Most pharmacy software is designed by people who have never spent a day behind a pharmacy counter. The workflows are wrong. The screens are wrong. The data model does not match how pharmacists actually think about medicines, patients, and prescriptions.
We spent three months in working pharmacies before we started building Pharmaco. Here is what we found — and how it shaped every design decision we made.
The Prescription Lifecycle Is Not Linear
In a textbook, a prescription flows neatly: doctor writes it, patient brings it, pharmacist fills it, patient picks it up. In reality, prescriptions are partial, modified, refilled, disputed, and expired. Patients forget them. Doctors call to revise them. Insurance rejects them. A data model that treats a prescription as a simple document fails immediately in production.
Pharmaco models prescriptions as state machines with a full audit trail. Every transition — from received to verified to dispensed to refilled — is recorded with timestamp, actor, and reason. This gives pharmacists a complete history and gives compliance teams an audit trail without any extra effort.

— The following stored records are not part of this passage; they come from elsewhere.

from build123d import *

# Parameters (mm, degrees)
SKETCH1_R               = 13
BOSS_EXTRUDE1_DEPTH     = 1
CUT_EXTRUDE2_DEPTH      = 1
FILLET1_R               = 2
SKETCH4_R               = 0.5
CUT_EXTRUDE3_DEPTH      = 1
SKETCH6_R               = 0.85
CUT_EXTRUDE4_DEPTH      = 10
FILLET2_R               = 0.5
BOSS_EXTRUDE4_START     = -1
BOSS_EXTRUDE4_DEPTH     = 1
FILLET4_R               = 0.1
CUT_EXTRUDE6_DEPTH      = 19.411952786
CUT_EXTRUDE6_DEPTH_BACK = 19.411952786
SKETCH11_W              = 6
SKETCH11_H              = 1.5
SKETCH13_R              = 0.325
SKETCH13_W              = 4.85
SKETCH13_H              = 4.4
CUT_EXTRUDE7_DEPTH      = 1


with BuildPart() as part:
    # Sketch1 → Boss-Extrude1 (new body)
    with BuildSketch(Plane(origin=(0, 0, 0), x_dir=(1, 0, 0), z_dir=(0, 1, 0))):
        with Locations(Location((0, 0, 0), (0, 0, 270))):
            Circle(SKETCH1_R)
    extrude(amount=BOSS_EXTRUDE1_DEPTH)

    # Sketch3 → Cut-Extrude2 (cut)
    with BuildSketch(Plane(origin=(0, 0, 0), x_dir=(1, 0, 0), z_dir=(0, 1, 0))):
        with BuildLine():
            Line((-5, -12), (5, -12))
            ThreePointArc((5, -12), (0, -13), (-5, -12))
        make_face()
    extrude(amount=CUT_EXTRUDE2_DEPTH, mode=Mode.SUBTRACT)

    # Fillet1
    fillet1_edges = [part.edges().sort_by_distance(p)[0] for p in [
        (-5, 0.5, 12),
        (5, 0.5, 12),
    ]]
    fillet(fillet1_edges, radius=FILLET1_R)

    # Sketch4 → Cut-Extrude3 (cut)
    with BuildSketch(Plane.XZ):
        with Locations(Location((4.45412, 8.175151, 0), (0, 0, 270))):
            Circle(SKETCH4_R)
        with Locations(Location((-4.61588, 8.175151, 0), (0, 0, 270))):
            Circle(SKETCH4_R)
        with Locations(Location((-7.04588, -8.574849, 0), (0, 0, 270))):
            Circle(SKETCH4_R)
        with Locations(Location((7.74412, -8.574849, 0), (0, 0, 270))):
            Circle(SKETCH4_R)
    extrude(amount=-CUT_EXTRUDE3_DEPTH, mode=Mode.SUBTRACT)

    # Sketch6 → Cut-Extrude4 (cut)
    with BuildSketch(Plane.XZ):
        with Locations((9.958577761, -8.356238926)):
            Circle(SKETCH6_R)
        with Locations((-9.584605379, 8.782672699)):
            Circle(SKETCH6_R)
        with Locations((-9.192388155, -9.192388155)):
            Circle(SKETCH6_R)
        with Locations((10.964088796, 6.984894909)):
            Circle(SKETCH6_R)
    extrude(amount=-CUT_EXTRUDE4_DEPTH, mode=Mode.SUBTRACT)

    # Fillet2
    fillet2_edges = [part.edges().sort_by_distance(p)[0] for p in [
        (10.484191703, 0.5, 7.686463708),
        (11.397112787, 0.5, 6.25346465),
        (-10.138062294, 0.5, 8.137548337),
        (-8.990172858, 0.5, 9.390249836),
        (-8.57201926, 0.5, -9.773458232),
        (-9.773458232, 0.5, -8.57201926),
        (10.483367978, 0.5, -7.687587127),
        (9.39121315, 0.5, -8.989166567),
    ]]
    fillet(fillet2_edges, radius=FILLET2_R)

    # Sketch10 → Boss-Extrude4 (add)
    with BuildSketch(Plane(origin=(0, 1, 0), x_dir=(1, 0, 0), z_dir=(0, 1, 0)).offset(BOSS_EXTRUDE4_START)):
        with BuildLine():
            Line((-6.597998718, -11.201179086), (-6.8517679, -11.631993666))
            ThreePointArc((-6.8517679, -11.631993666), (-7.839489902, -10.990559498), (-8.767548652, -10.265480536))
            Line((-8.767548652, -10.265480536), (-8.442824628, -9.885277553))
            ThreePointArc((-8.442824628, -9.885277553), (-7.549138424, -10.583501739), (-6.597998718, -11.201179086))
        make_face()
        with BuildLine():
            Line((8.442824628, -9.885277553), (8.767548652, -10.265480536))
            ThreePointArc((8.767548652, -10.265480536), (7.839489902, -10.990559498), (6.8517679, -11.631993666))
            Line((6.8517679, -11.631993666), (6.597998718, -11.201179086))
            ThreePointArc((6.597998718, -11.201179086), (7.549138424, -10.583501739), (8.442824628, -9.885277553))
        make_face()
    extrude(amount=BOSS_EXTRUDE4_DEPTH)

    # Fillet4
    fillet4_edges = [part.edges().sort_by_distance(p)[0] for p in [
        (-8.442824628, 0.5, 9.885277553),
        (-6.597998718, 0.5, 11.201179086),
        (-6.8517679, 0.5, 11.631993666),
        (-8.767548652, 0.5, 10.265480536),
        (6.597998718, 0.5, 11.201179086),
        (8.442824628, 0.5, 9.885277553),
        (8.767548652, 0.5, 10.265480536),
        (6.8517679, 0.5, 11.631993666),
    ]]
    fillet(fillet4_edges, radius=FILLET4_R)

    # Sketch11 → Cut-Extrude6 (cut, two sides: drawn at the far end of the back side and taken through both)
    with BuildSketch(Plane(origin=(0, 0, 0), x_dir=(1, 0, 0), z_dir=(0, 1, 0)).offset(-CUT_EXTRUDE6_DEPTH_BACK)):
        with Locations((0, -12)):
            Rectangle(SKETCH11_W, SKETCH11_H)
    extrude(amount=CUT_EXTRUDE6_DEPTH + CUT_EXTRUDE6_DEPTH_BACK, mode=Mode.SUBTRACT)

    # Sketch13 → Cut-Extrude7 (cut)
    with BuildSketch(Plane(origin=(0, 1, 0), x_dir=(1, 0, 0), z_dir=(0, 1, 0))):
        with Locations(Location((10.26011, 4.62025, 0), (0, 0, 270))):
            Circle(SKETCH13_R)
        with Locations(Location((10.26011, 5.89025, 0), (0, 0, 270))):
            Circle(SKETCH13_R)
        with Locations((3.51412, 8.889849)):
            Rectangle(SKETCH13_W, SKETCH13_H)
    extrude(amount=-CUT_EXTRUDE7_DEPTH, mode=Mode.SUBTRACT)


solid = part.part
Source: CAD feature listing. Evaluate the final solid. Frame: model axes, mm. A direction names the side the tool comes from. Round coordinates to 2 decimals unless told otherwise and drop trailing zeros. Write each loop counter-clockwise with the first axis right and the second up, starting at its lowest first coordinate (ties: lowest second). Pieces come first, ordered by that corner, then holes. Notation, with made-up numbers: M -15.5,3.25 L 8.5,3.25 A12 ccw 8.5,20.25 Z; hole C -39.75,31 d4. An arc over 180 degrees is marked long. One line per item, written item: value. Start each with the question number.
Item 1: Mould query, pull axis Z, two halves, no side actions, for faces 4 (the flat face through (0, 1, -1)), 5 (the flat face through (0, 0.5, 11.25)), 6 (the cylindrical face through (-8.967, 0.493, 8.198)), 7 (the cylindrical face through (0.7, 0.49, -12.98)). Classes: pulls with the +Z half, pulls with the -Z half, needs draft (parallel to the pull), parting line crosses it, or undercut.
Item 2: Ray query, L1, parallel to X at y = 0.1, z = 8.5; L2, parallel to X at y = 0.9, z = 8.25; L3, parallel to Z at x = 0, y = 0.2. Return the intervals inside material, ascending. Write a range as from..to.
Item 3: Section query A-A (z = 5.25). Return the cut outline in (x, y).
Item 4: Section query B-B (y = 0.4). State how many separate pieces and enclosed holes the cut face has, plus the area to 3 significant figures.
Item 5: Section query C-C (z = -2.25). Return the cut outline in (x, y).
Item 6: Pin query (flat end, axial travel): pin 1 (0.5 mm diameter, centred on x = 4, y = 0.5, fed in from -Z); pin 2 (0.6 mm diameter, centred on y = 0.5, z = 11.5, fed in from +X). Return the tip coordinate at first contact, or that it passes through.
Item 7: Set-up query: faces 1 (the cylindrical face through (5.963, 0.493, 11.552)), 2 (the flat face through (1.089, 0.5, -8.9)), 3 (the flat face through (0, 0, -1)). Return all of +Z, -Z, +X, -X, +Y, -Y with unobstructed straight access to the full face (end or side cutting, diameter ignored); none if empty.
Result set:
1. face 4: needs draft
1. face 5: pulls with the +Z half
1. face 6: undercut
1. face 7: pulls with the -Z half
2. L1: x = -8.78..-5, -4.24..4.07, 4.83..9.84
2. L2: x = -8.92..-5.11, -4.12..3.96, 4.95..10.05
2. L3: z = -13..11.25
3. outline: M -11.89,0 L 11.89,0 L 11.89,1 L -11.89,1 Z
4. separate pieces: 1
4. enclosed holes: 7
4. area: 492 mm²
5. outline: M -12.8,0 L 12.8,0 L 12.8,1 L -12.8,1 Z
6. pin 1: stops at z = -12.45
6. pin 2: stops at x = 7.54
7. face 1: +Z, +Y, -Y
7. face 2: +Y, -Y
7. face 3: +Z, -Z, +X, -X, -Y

Inventory at the Medicine Level
Pharmacy inventory is not like retail inventory. The same molecule can come in five different brands, three dosages, and two formulations. A patient might be on a generic that is temporarily out of stock, requiring a therapeutic substitution that the dispensing pharmacist needs to flag to the prescribing doctor. Our inventory model is built around active ingredients and therapeutic equivalence, not just SKUs.
The DGDA Compliance Layer
Regulatory reporting in Bangladesh requires specific record formats for controlled substances, expiry tracking, and purchase-to-dispense reconciliation. We built this as a separate compliance layer that runs alongside normal operations rather than forcing pharmacists to change their workflow to satisfy a report format. The software adapts to the regulation; the pharmacist does not have to.
Beta Results
After three months of beta testing with partner pharmacies, average prescription processing time dropped by 40%. Stock discrepancy incidents — where physical count did not match system count — dropped by 68%. Both numbers exceeded our targets. The pharmacists told us it felt like the software understood what they were doing. That was the goal.